Scaling Green Hydrogen in a post-IRA World

For green hydrogen to play a role in a decarbonized future, the US needs to get experience building and installing electrolyzers at an unprecedented scale today in order to establish a domestic industry and drive down costs.

Clean hydrogen is a set of early-stage technologies that have the potential to be a “Swiss Army knife” of long-term decarbonization in the US. It can advance US decarbonization by replacing traditional hydrogen in current industrial applications in the near term and substituting for a variety of fuels and feedstocks in the long run, but will require significant policy and investment support to scale up to the levels needed. The clean hydrogen production tax credit included in the recently passed Inflation Reduction Act (IRA) is a meaningful step towards securing a spot for clean hydrogen in the US economy. Now, the Internal Revenue Service (IRS) is grappling with implementing regulations for the credit, trying to decide how to account for greenhouse gas (GHG) emissions from electricity generation used to make electrolytic hydrogen (one type of clean hydrogen, often called green hydrogen).

In this note, we discuss the trade-offs for the decisions the IRS has in front of it. For green hydrogen to play a role in a decarbonized future, the US needs to get experience building and installing electrolyzers at an unprecedented scale today in order to establish a domestic industry and drive down costs. Adhering to restrictive rules to claim the credit in the near term may hamper the ability of this industry to grow, reducing the range of clean hydrogen opportunities down the road. At the same time, policymakers need to provide clarity on a future path that ensures green hydrogen actually reduces long-term GHG emissions. One model that could be useful for the US is the GHG accounting approach for green hydrogen that the European Commission recently set out, which is a phased approach over time to more restrictive rules. In the US, near-term flexibility on these rules is likely to lead to modest increases in overall GHG emissions over the next few years, but standing up a green hydrogen industry that ultimately adheres to strict rules in the future can ensure that green hydrogen can play a meaningful role in deep decarbonization.

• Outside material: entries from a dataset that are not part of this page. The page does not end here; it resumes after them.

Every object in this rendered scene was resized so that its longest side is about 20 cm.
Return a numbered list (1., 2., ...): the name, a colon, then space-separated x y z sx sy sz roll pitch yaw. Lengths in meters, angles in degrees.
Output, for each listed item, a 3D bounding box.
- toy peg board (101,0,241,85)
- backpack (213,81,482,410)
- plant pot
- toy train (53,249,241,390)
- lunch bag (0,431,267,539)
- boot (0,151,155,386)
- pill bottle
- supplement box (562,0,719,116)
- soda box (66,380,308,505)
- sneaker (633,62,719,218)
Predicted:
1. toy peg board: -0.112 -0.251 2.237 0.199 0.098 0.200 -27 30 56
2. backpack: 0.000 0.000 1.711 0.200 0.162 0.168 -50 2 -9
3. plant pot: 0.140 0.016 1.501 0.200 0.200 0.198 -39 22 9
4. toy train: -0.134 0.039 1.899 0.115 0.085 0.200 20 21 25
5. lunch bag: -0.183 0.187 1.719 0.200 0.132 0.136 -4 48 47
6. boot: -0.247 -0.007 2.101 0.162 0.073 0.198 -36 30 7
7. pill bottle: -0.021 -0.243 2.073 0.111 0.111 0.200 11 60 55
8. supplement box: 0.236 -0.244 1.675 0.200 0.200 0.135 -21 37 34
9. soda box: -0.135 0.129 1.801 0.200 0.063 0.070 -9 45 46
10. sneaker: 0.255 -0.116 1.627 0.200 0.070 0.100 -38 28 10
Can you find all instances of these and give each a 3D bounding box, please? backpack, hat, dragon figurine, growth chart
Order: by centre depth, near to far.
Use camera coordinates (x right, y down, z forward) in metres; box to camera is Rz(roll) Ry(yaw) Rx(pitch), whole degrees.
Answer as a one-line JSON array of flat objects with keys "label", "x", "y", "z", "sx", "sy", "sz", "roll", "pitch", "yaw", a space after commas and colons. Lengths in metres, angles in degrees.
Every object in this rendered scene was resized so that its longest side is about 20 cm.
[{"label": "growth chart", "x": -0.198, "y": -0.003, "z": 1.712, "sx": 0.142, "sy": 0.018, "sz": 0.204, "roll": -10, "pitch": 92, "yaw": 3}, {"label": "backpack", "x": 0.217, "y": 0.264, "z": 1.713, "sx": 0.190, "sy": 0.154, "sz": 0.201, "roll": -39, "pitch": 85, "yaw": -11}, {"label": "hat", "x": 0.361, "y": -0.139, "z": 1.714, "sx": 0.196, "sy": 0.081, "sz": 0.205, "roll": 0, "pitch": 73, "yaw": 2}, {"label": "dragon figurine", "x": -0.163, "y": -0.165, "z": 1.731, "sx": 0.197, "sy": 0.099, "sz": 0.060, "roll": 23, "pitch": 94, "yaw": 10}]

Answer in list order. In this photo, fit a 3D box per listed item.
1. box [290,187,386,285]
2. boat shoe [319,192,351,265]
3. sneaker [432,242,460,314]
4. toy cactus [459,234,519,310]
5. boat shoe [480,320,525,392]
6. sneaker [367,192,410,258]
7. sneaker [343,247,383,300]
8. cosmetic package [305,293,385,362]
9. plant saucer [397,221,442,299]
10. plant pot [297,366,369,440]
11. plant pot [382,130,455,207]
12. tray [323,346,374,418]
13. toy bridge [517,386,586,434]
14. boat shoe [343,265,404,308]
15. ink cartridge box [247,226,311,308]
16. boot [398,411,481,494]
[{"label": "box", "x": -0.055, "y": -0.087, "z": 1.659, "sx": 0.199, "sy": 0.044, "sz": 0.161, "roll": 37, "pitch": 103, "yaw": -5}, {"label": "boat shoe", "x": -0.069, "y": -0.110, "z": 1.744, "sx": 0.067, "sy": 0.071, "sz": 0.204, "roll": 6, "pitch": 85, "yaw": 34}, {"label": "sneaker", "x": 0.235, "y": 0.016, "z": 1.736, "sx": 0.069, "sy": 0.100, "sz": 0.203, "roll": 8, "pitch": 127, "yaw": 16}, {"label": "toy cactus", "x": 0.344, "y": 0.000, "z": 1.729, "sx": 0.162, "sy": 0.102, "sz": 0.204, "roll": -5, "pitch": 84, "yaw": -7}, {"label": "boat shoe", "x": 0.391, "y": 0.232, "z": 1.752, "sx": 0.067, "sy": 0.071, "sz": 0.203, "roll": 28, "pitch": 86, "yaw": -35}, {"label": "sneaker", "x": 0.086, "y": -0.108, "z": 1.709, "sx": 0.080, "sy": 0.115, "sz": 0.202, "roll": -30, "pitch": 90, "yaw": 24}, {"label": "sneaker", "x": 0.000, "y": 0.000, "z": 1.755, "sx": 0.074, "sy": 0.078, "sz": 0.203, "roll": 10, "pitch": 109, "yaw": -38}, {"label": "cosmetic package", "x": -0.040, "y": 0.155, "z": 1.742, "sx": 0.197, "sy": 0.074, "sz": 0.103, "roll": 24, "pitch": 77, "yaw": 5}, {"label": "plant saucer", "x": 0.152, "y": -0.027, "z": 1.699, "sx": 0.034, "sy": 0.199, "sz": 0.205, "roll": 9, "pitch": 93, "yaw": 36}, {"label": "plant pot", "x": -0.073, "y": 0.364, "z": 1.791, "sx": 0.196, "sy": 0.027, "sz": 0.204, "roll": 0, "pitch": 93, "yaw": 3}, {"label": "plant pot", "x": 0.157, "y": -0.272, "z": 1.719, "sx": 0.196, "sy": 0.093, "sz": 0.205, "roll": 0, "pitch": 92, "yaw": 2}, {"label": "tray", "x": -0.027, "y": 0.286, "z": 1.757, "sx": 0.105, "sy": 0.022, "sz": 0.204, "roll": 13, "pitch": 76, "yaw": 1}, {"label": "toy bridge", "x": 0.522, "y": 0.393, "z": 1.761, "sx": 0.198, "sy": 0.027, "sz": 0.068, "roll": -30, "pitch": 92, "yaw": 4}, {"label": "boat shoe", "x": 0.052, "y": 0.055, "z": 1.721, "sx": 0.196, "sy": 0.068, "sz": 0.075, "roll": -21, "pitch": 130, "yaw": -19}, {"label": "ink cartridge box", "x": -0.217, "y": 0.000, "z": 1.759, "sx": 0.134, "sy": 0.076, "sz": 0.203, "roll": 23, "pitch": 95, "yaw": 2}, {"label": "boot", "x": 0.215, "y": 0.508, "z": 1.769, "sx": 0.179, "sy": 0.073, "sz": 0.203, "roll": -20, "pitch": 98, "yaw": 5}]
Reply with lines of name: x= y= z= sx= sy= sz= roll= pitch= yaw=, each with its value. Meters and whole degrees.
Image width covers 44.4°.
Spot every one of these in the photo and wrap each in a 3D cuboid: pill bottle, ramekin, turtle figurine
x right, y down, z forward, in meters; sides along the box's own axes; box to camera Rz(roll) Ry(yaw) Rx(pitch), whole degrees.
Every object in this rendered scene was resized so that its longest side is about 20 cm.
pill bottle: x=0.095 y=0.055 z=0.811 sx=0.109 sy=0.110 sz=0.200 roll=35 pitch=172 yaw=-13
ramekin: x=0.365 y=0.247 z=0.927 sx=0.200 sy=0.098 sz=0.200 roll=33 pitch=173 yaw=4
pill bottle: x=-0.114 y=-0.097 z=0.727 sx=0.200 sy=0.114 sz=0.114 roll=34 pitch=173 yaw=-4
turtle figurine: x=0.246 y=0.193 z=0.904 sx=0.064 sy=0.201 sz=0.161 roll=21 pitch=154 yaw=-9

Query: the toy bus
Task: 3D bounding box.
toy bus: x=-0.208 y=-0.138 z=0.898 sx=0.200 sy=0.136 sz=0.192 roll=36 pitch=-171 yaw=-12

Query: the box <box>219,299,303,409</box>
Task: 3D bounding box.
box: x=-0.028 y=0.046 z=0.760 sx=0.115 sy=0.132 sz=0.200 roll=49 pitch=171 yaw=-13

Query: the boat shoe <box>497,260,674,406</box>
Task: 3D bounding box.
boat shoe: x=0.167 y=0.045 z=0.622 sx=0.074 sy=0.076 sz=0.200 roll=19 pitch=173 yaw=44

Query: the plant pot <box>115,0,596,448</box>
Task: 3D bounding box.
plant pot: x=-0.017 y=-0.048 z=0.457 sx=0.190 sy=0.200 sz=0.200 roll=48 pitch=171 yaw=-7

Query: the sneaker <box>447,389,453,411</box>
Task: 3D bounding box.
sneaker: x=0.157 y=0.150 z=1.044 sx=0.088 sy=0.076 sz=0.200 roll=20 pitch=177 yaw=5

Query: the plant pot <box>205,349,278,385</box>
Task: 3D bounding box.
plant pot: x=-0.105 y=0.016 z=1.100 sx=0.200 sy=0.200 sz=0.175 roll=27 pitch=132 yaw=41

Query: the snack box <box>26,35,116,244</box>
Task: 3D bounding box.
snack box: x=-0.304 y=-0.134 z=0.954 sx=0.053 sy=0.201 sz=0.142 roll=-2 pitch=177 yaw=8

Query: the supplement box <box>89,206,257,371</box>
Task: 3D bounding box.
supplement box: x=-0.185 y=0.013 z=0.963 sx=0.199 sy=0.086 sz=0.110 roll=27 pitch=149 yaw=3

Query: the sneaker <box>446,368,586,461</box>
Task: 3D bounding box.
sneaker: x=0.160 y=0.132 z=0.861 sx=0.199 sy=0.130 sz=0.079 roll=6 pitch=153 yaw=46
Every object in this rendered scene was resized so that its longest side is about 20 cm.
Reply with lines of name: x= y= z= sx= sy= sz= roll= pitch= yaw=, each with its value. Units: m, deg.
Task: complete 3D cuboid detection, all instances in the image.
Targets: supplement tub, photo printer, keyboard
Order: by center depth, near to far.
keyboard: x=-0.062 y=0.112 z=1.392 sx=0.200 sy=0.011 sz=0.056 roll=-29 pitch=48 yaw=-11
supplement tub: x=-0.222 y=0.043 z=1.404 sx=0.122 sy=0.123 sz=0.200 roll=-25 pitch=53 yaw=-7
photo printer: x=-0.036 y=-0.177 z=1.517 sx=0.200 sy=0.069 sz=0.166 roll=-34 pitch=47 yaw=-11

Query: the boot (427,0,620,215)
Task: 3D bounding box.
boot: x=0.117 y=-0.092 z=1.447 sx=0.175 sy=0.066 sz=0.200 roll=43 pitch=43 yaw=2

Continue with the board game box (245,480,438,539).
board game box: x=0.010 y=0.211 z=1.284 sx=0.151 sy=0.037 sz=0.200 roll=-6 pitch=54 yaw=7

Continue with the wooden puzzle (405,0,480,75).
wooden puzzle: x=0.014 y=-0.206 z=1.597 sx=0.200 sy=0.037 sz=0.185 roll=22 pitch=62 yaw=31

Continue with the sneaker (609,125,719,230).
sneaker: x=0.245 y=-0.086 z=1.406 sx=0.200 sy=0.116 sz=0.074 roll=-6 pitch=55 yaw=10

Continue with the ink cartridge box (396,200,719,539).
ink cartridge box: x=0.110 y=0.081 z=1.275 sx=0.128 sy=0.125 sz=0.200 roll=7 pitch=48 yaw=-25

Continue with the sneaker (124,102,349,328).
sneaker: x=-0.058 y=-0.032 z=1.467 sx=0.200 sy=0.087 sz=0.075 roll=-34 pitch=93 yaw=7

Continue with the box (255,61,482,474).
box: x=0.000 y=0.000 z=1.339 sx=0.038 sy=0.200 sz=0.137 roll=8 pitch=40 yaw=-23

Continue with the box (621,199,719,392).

Clean hydrogen’s potential in a decarbonized energy system

Clean hydrogen has the potential to play an important role in a decarbonized economy as a fuel, feedstock, and energy storage medium across multiple sectors. In previous Rhodium research before the IRA was passed, we assessed the near- and long-term opportunities for effectively scaling up clean hydrogen. The biggest emissions reduction opportunities in the near term come from switching the current roughly 10 MMT of annual US hydrogen demand away from conventional fossil fuel-based production to cleaner production methods. This demand is driven by industrial processes—refineries, ammonia production, and methanol production chief among them. Today, almost all of this hydrogen is produced via the steam methane reformation (SMR) process, which converts natural gas into hydrogen and emits around 100 MMT of CO2e annually or just under 2% of US net GHG emissions (Figure 1). Reducing these emissions by transitioning to clean hydrogen production can make a small but measurable difference in the US decarbonization trajectory.

Figure 1

Over time, deeper emission reductions can come from substituting clean hydrogen for incumbent fossil fuels in new use cases, including as an industrial fuel or feedstock and as a transportation fuel for difficult-to-electrify applications like heavy-duty trucking. The biggest emissions benefits from clean hydrogen materialize when its use is expanded to these future applications, compared with a relatively small emissions impact of decarbonizing existing hydrogen consumption today.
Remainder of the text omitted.